** AIM OF THE TASK **
Set down every record below exactly as it stands, with the pictures omitted.

START LISTED RECORDS

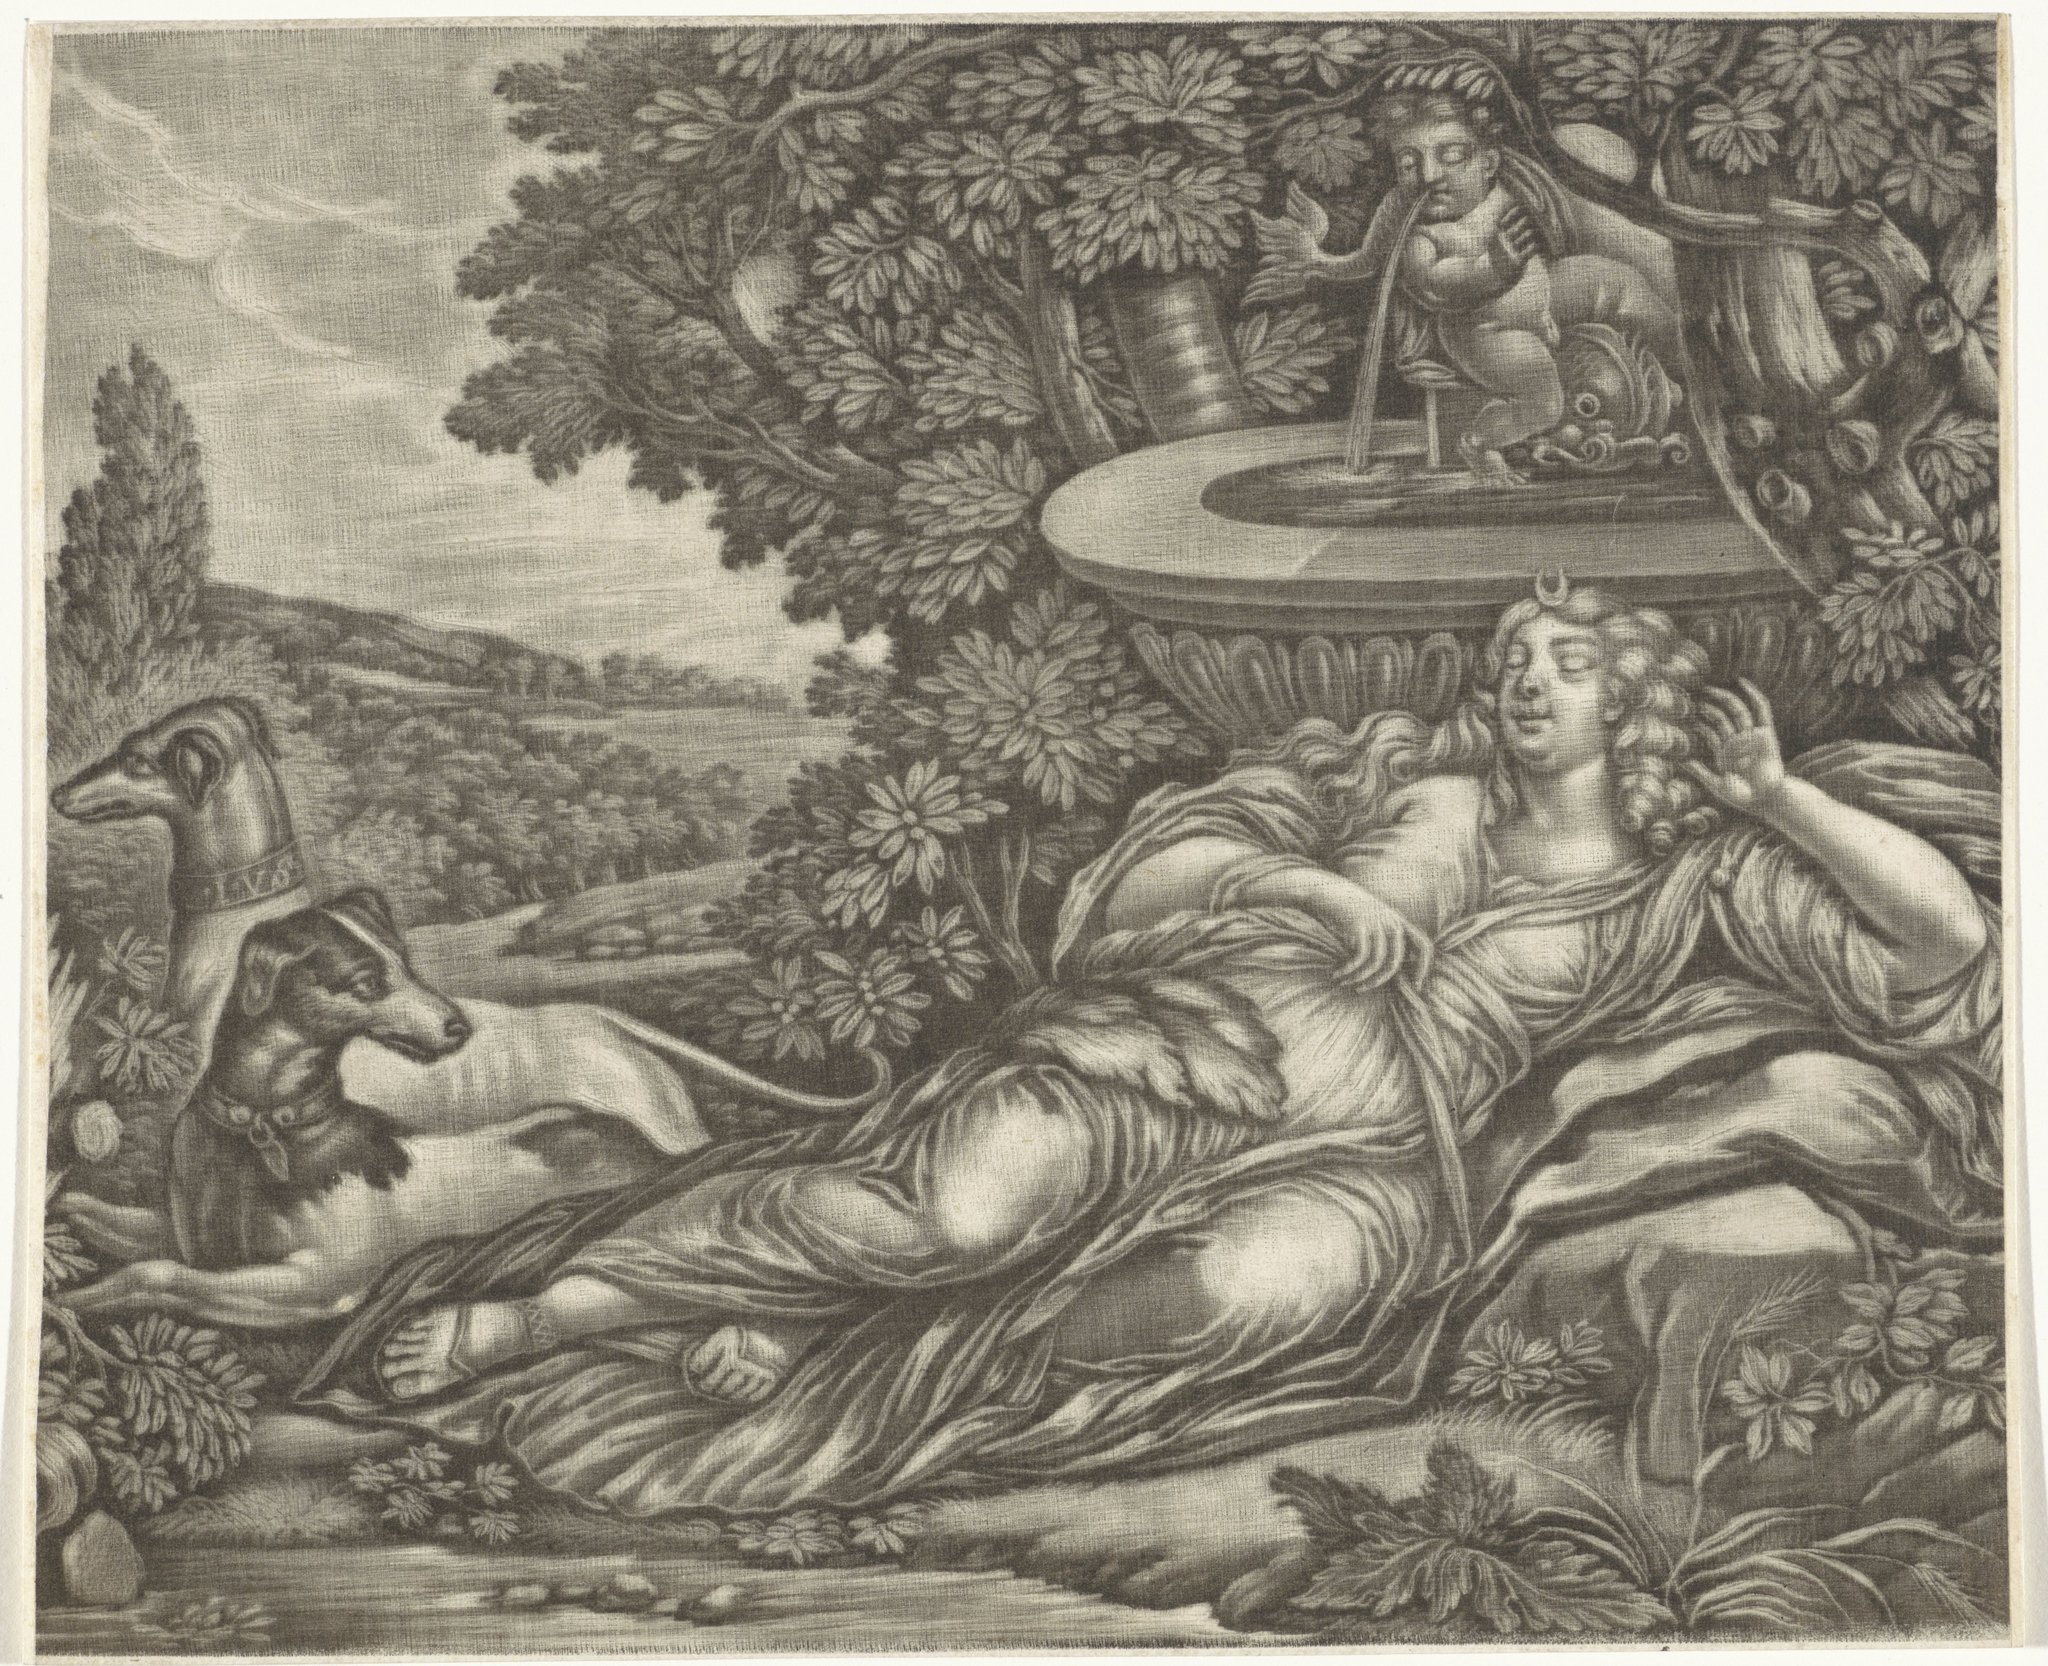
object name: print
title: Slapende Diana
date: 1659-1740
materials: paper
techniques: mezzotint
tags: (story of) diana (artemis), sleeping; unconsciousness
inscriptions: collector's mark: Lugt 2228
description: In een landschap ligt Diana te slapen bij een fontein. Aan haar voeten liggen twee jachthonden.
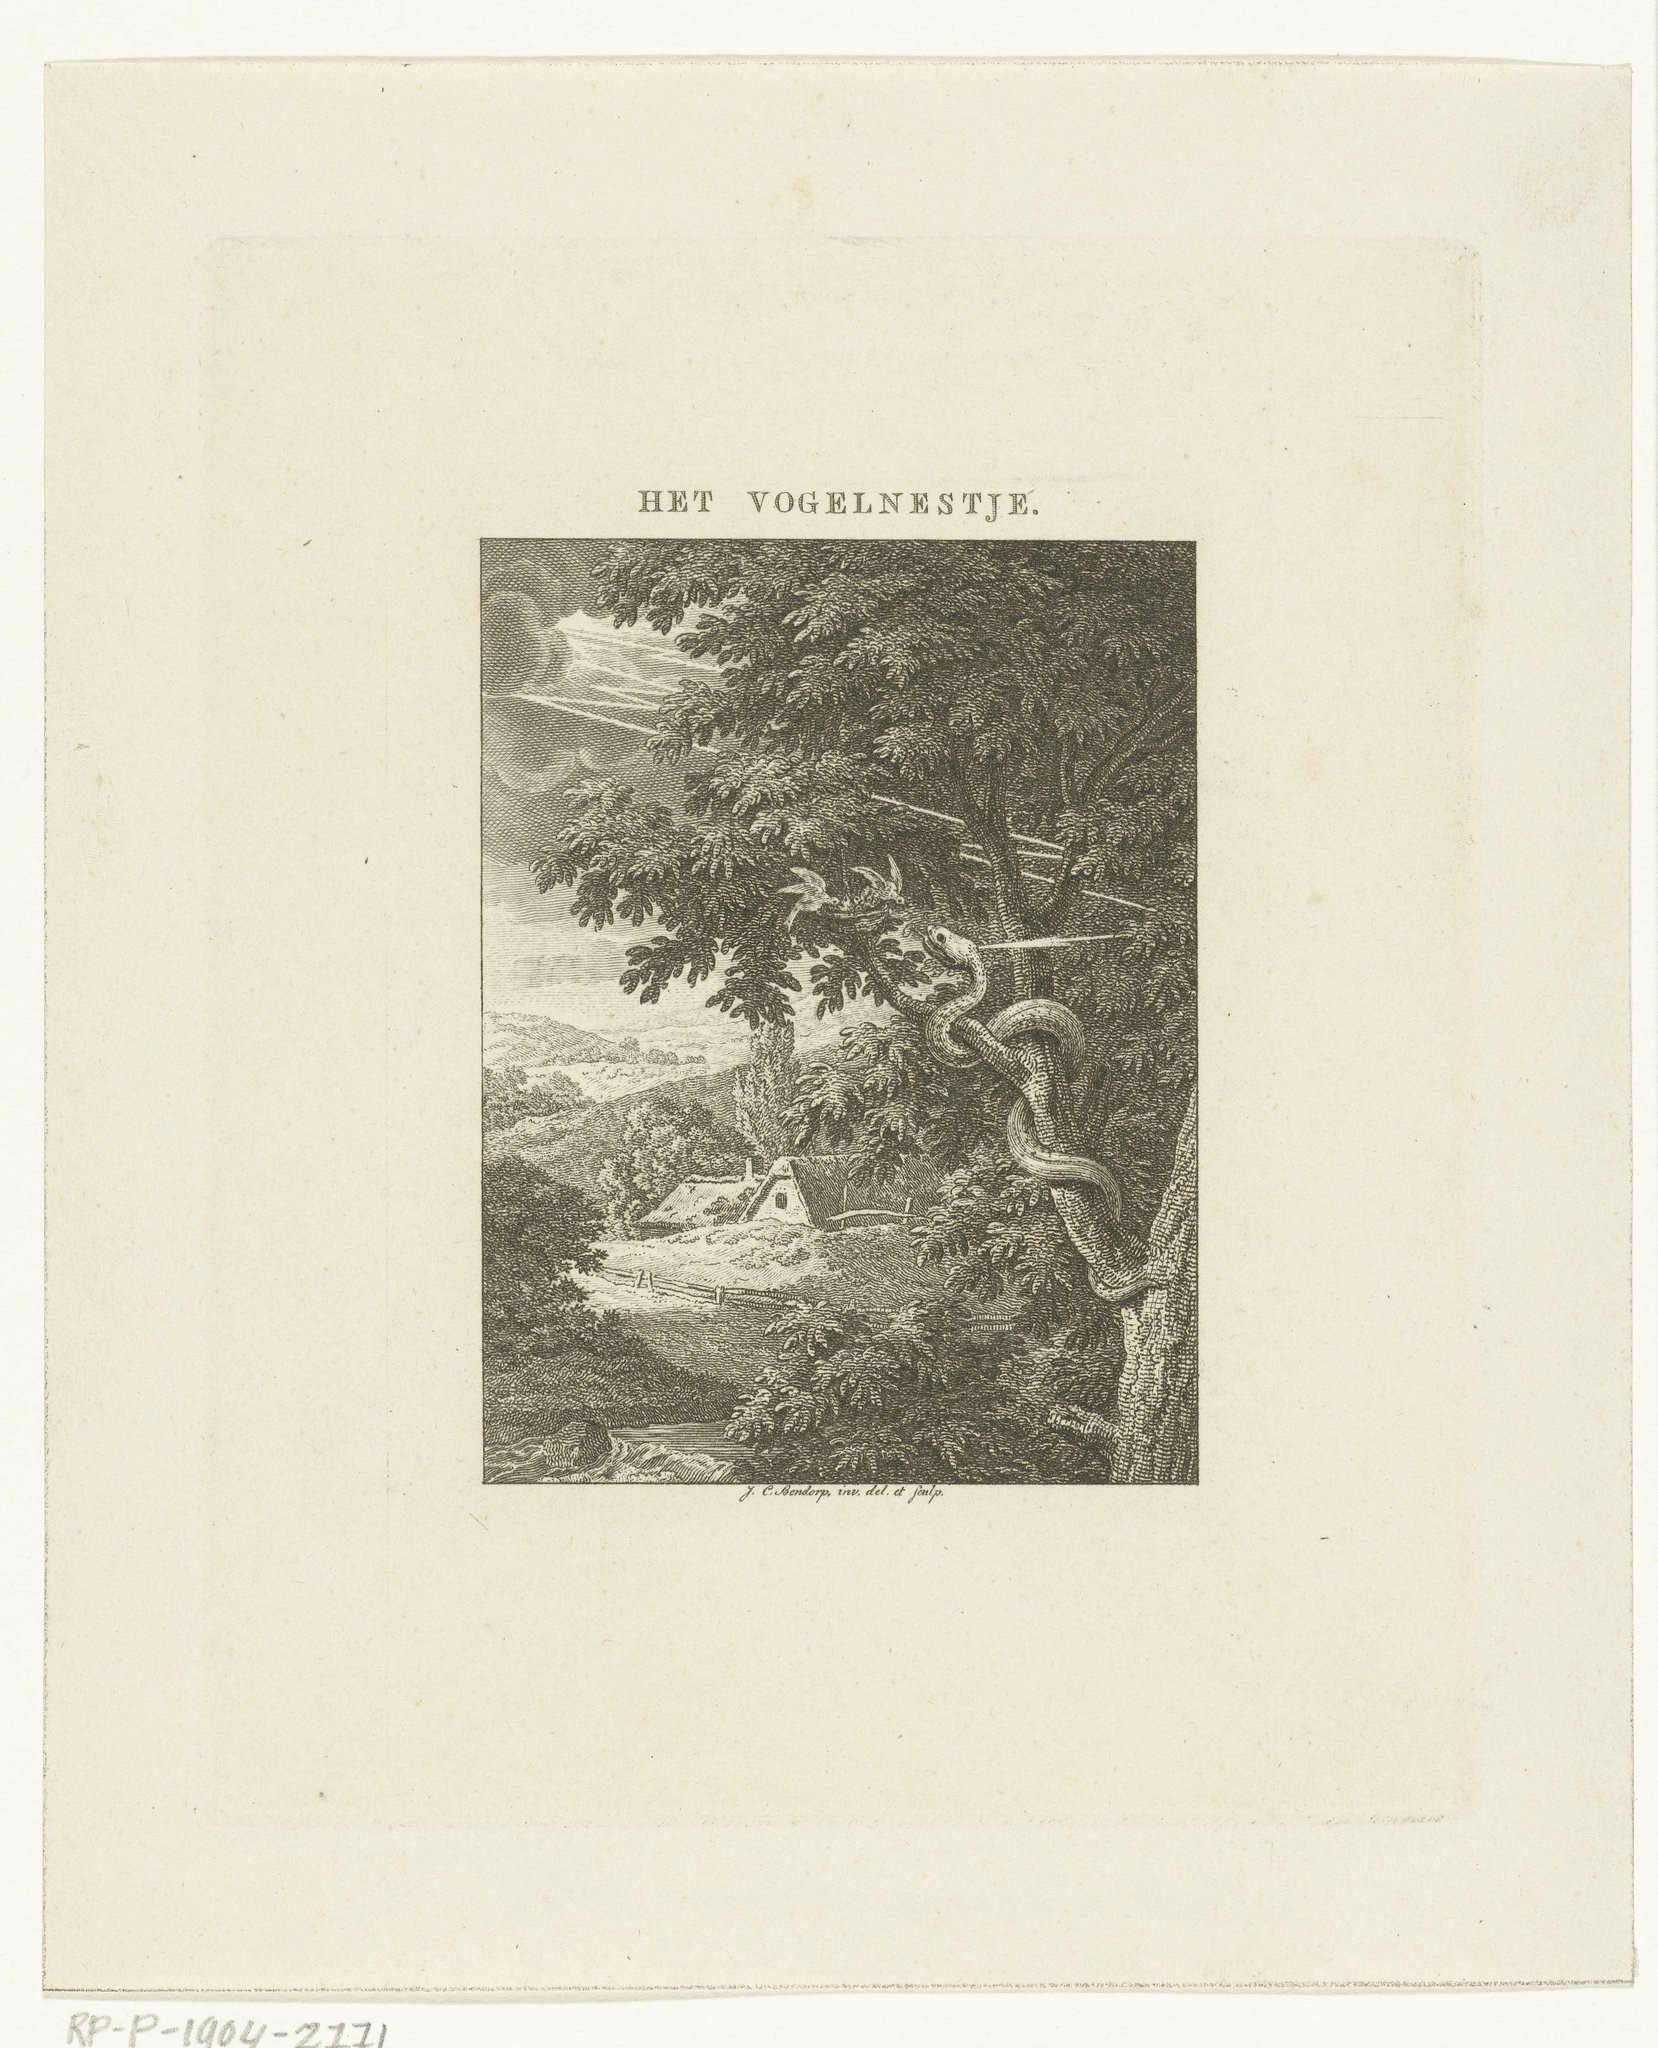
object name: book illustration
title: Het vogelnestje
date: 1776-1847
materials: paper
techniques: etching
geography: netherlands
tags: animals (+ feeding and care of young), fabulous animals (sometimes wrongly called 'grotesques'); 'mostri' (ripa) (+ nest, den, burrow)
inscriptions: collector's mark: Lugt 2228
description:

END LISTED RECORDS

** SOLUTION BELOW **
object name: print
title: Slapende Diana
date: 1659-1740
materials: paper
techniques: mezzotint
tags: (story of) diana (artemis), sleeping; unconsciousness
inscriptions: collector's mark: Lugt 2228
description: In een landschap ligt Diana te slapen bij een fontein. Aan haar voeten liggen twee jachthonden.
object name: book illustration
title: Het vogelnestje
date: 1776-1847
materials: paper
techniques: etching
geography: netherlands
tags: animals (+ feeding and care of young), fabulous animals (sometimes wrongly called 'grotesques'); 'mostri' (ripa) (+ nest, den, burrow)
inscriptions: collector's mark: Lugt 2228
description:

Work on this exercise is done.